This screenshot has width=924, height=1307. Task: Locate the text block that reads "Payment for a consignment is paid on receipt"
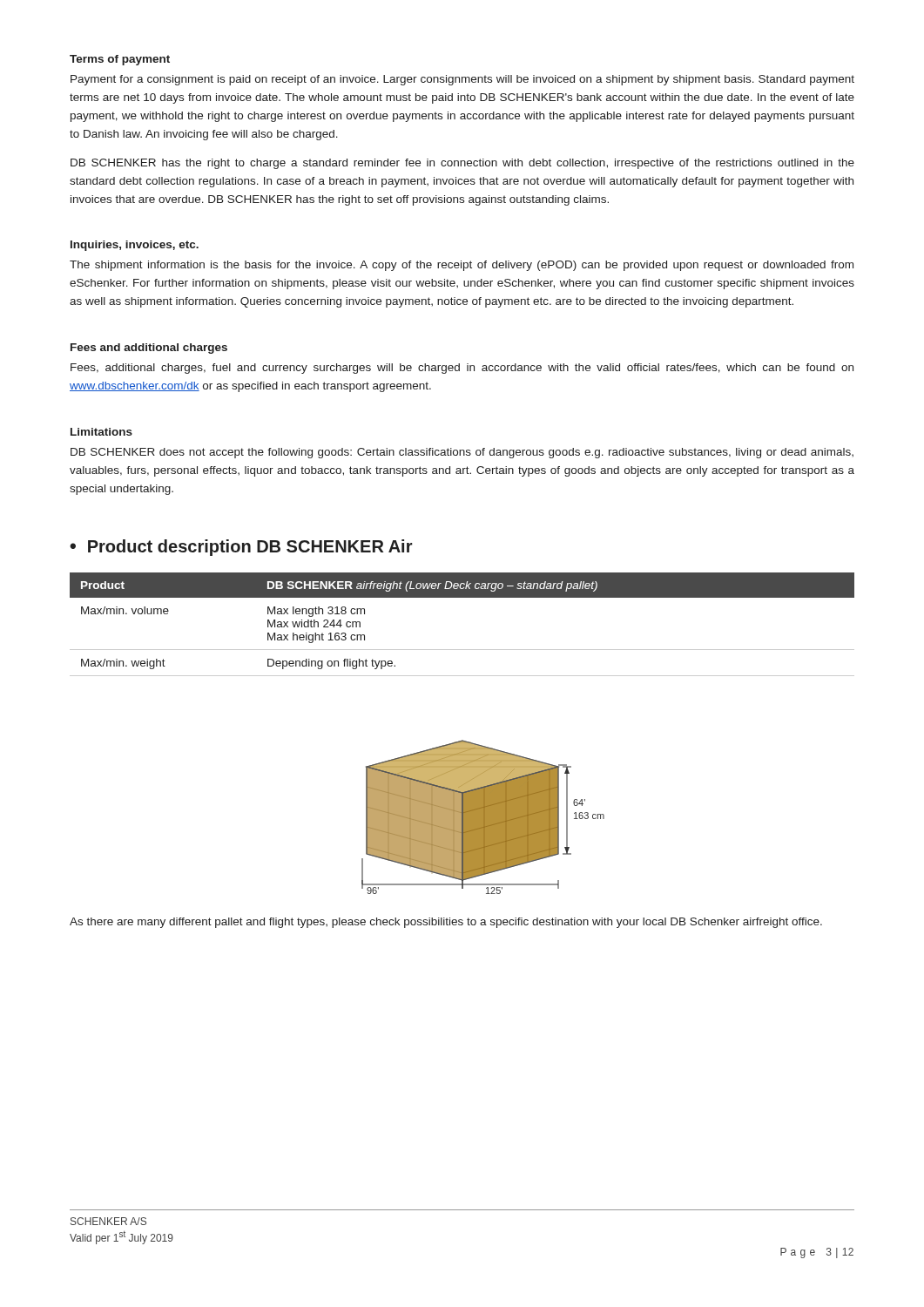(462, 106)
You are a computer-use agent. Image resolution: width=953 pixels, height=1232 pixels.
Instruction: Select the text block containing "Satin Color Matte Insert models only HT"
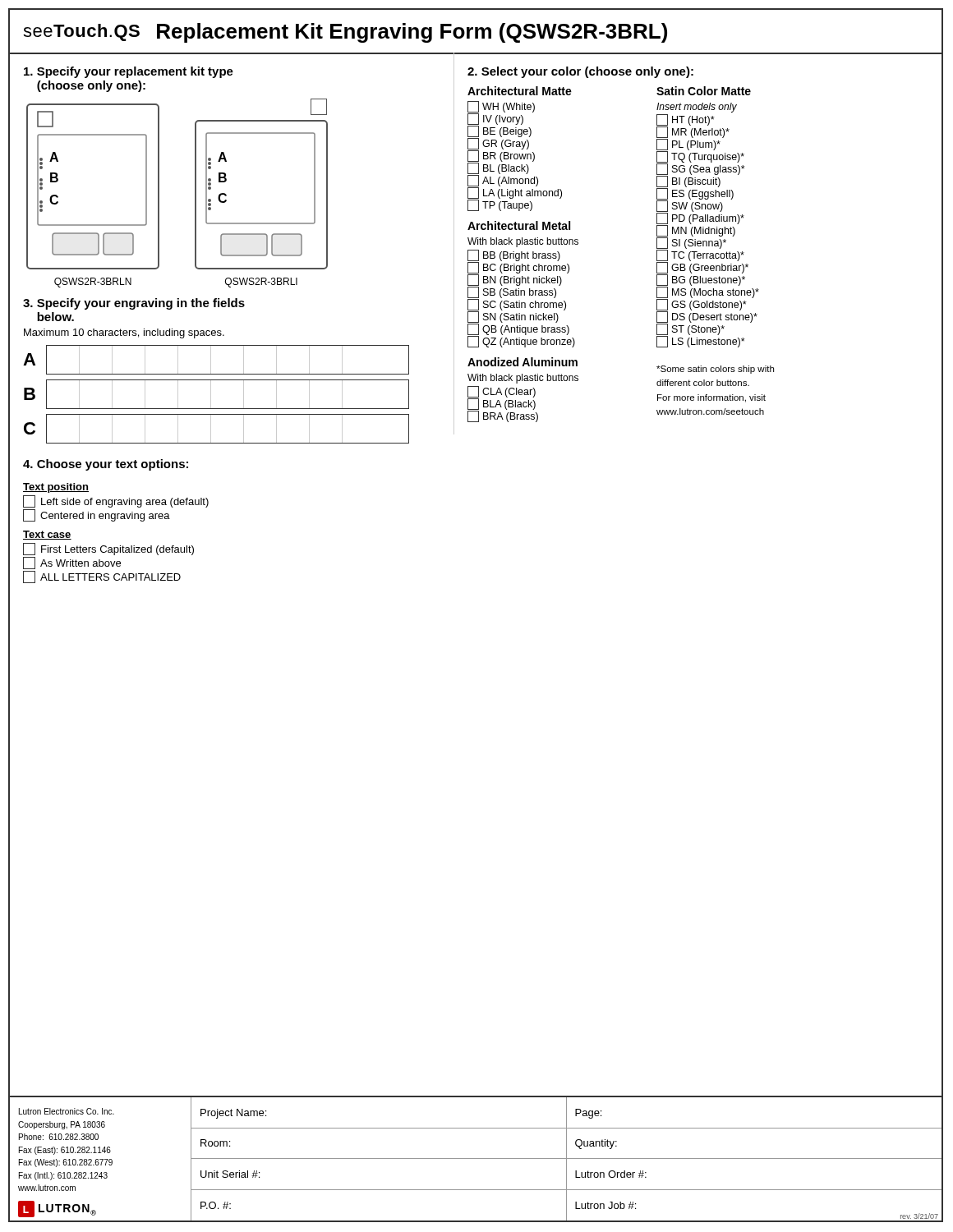click(755, 216)
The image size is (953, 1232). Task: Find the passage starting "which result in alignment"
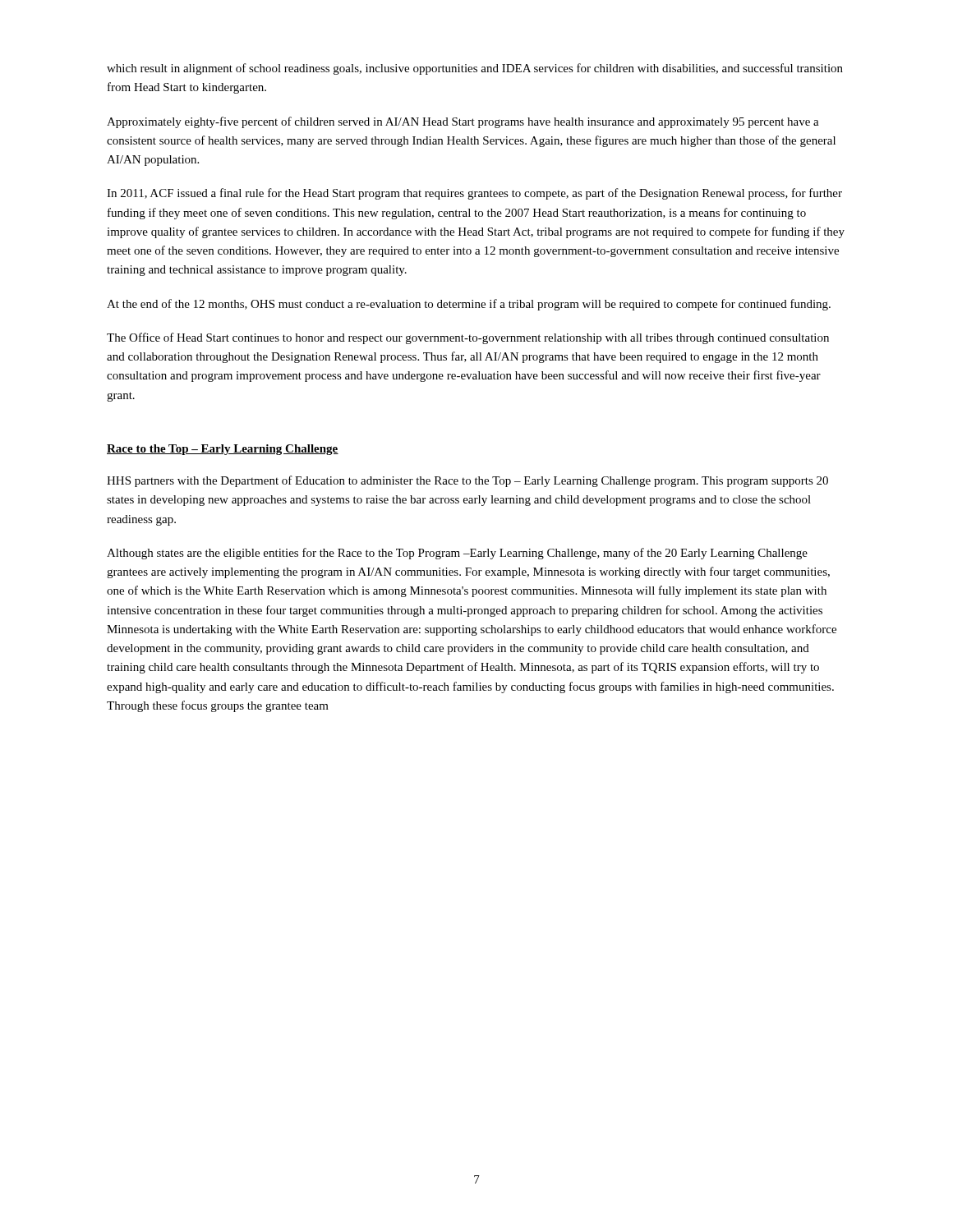point(475,78)
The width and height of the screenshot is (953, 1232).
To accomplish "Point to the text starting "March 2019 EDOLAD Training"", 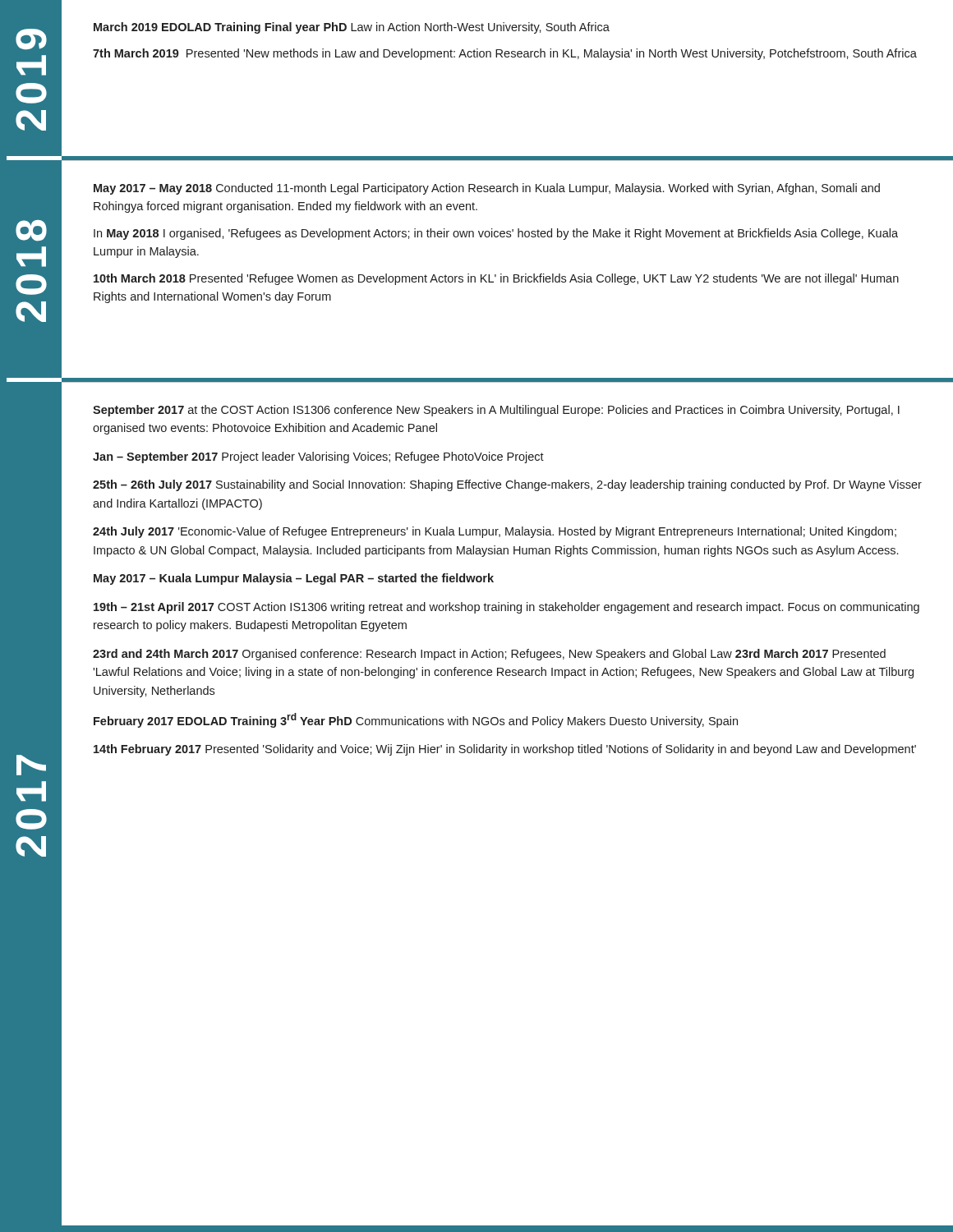I will pos(507,27).
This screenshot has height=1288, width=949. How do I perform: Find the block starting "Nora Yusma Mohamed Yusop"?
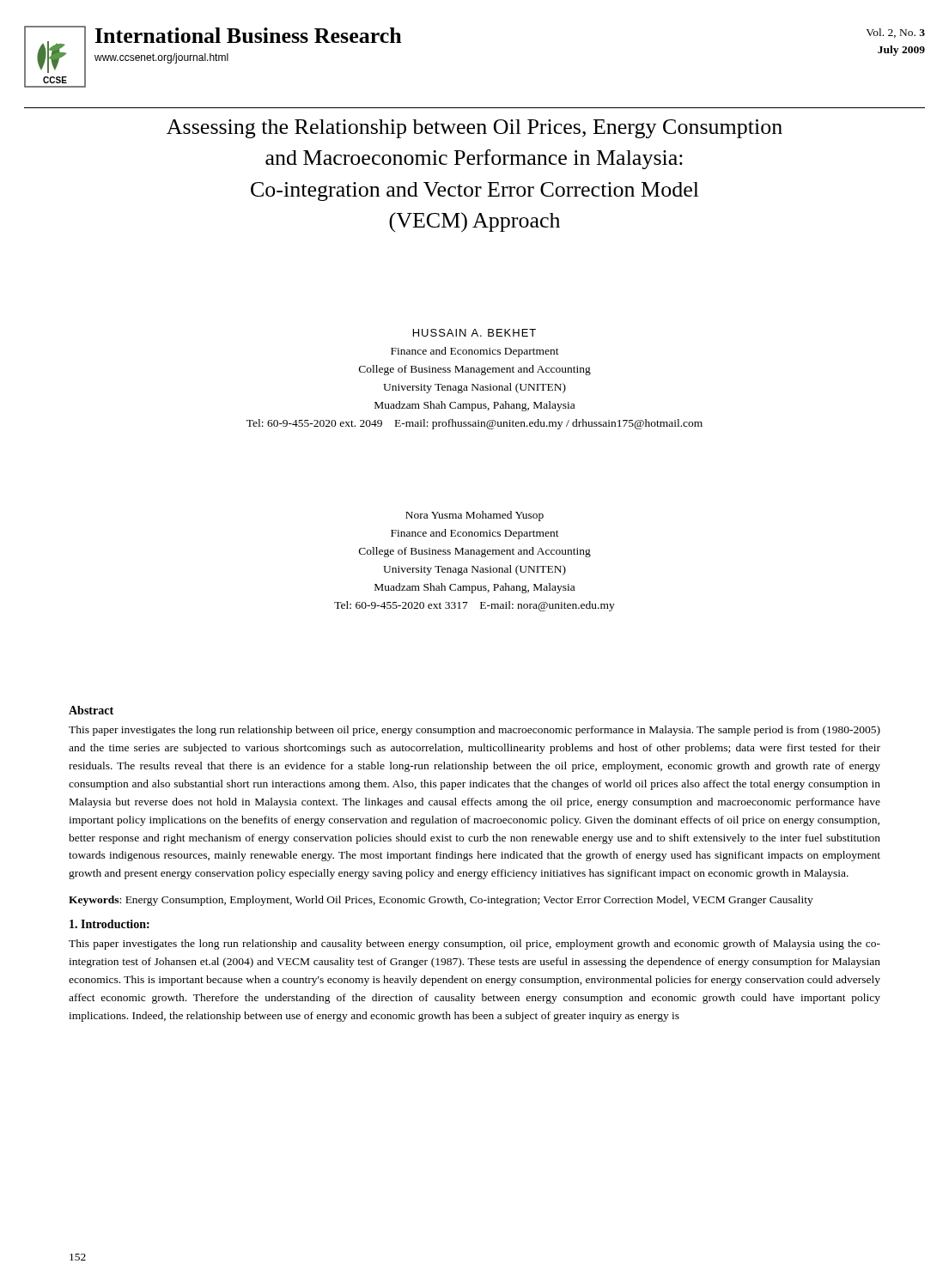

WHAT TO WORK ON -
Only lines belong in the copy: transcribe those from the start of the data through the line that contains "You are a computer-use", and skip the pictures.

EXERCISE SOLUTION -
This screenshot has width=924, height=1307. Task: Locate the text block that reads "Payment for a consignment is paid on receipt"
(462, 106)
You are a computer-use agent. Image resolution: width=953 pixels, height=1232 pixels.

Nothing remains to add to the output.